Es una lástima que no me anticipase a los púgiles de hoy en día, quienes, como el famoso Jack Broughton, cuando se retiran abren academias donde entrenan a los mozos que ocuparán su lugar. Broughton, de hecho, ha sido tan ingenioso que ha inventado unos artefactos a los que llama «guantes de boxeo»: una especie de voluptuoso acolchado para el puño. He visto estas cosas y sospecho que ser golpeado por un hombre que lleva estos guantes es casi como no ser golpeado en absoluto.

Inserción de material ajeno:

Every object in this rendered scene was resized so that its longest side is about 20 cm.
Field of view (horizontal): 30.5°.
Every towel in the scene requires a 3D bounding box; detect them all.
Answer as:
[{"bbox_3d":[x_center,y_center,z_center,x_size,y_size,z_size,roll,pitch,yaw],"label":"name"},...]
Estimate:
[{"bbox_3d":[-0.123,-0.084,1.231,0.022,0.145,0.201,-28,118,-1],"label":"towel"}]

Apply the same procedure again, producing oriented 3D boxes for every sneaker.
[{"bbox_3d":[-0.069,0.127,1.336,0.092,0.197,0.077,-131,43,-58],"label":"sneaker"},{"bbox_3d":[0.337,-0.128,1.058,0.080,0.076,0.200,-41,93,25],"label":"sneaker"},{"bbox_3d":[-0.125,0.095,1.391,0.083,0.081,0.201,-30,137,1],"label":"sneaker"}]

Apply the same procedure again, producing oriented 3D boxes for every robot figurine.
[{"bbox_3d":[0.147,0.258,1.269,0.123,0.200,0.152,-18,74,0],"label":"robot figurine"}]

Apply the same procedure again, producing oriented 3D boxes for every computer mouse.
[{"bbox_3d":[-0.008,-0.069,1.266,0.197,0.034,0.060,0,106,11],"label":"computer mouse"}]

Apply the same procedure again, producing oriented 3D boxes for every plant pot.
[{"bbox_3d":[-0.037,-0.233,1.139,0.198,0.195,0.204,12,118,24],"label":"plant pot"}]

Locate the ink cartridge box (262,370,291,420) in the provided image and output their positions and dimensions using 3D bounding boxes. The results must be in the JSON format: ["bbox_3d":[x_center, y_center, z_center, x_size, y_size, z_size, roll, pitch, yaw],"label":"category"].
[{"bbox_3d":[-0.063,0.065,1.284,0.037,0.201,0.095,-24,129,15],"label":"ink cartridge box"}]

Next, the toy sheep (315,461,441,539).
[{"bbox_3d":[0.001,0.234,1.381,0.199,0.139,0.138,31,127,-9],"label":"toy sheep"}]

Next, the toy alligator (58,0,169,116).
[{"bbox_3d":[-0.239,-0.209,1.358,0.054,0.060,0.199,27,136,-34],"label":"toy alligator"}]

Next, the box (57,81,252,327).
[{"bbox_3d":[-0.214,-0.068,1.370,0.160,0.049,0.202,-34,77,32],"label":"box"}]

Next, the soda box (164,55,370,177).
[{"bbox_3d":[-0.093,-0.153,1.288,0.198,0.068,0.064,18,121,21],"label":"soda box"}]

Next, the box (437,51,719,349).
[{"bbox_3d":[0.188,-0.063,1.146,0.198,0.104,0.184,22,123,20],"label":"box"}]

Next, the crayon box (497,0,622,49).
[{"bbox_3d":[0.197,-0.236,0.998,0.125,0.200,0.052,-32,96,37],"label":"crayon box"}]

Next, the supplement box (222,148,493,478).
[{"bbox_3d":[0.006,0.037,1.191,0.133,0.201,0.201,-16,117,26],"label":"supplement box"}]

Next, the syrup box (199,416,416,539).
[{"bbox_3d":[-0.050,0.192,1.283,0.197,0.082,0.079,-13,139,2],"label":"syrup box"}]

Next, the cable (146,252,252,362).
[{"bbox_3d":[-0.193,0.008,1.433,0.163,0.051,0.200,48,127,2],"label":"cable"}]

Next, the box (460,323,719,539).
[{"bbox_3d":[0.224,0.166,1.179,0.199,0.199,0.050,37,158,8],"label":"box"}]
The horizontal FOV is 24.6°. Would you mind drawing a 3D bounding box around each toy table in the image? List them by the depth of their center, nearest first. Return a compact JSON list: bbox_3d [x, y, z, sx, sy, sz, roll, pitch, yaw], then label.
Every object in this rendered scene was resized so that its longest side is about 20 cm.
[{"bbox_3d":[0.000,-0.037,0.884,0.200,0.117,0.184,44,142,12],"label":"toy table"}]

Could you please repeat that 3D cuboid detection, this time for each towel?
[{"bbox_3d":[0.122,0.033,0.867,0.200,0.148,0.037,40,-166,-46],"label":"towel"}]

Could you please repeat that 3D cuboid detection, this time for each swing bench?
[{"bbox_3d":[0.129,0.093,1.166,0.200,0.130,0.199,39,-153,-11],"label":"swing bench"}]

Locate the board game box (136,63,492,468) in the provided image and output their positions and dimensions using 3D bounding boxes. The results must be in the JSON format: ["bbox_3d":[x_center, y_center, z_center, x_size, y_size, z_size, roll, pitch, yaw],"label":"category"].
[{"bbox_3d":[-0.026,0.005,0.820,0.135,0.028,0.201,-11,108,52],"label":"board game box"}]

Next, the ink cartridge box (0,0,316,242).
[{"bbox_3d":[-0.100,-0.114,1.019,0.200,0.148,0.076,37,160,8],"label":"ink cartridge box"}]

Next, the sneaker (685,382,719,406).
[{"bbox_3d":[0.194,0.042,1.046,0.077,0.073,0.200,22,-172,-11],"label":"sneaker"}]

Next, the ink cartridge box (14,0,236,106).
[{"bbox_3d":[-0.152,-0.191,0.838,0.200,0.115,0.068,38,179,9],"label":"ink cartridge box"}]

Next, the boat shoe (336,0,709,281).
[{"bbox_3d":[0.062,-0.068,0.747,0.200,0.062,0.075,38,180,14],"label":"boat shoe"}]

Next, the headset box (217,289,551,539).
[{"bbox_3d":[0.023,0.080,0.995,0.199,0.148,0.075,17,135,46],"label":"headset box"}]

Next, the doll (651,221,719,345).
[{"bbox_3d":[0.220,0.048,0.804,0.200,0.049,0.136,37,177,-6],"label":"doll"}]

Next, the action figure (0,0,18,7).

Yo era mucho menos listo que Broughton y no tenía ideas tan ambiciosas, pero sí tenía unas cuantas libras mal ganadas en el bolsillo, y buscaba un socio con quien abrir una taberna o algún otro negocio de ese tipo. Fue en esa época, mientras regresaba a pie a mis habitaciones ya entrada la noche, cuando tuve la buena fortuna de socorrer a un anciano acosado por una banda de mocosos ricos. A estos rufianes aristocráticos, conocidos en aquellos días como los Mohock (un nombre que suponía un insulto para los honorables salvajes de las Américas), nada les divertía más que pasearse por las calles de Londres, atormentando a quienes eran más pobres que ellos, rompiéndoles brazos y piernas, arrancándoles la nariz o una oreja, empujando a señoras mayores ladera abajo e incluso, aunque en contadas ocasiones, deleitándose con tan irreversible crimen como el asesinato.

Yo había leído acerca de estos cachorros arrogantes y había deseado tener la oportunidad de devolverles un poco de su propia violencia, de modo que ahora no sé si fue mi odio por los privilegios que estos hombres creían que les pertenecían o la bondadosa preocupación que me despertaba la anciana víctima lo que me atrajo a la pelea. Sólo puedo decir que cuando vi la escena frente a mí, actué sin vacilación.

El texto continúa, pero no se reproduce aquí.